My mom spent nearly 40 years as a nurse and some of the horror stories of families who simply refused to face reality and let a loved one go even though they were well past the point of hope would break your heart and sometimes sicken your stomach. Ones like the 32 year old girl whose family demanded aggressive treatment for their daughter after her head hit a concrete divider at 65MPH+. My mom had to put towels around that poor woman's head because her brains were coming out of her ears, yet thanks to "modern technology" they kept her alive like that for nearly a month before her body finally followed her brain and died. I can't tell you how much that month cost, but I'm sure it was truly staggering. These are things that we as a people are gonna have to sit down and talk about, because modern tech can keep a human body going for a lot longer than nature would allow, and just because we can do so doesn't always mean we should do so, especially when there is absolutely no hope like in that girl's case.

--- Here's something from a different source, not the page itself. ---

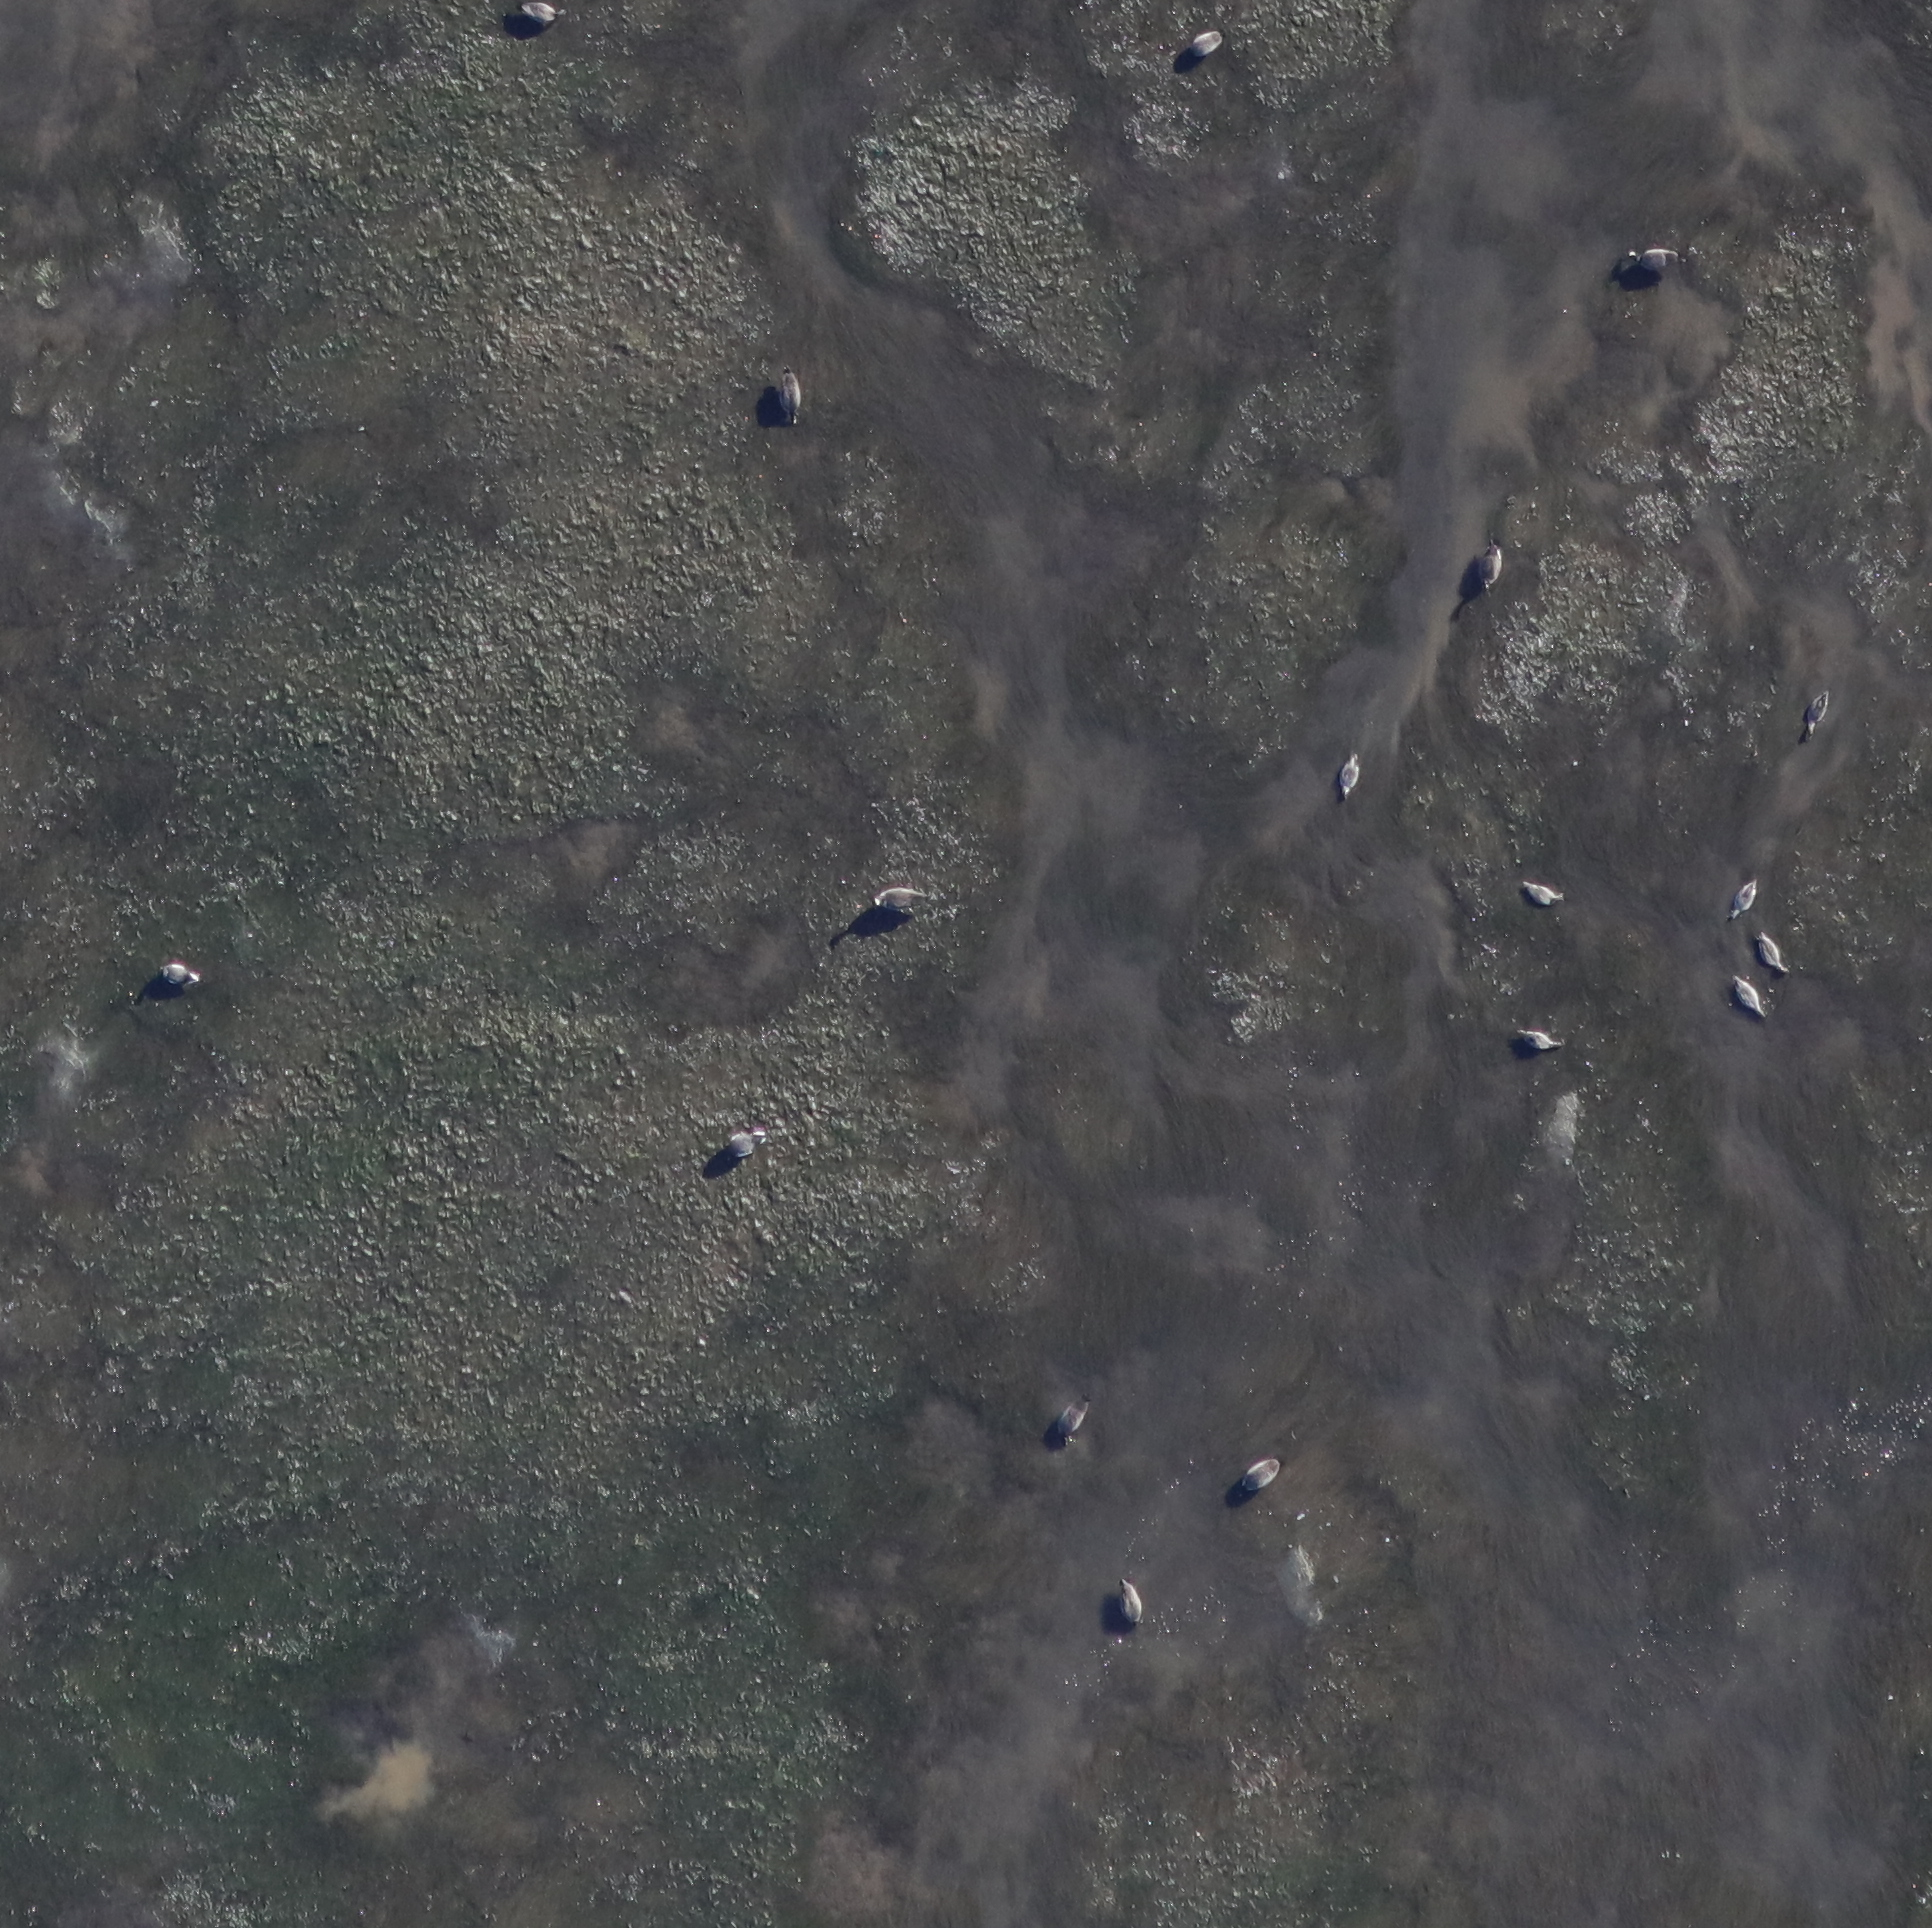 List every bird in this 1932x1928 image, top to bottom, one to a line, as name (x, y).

So I honestly think all the hysteria and politics are getting in the way of an important conversation we as a people are long overdue in having. While I have no problem in helping pay for cancer treatment for some little girl or father of two with decades of life yet to live if they can be saved, spending crazy amounts of money on somebody pushing 90 or on those that are just so horribly mangled or messed up that short of act of God have no chance whatsoever seems like an obscene waste of resources that could better be spent on those that have a fighting chance. We have limited resources and despite our technology we just can't save everybody, and unfortunately our technology can give the appearance of hope where there is truly none to be had. We as a nation need to sit down and decide where these limited resources are spent. Again this isn't some evil plot to kill granny, this is just common sense.
ACs don't waste your time replying, your posts are never seen by me.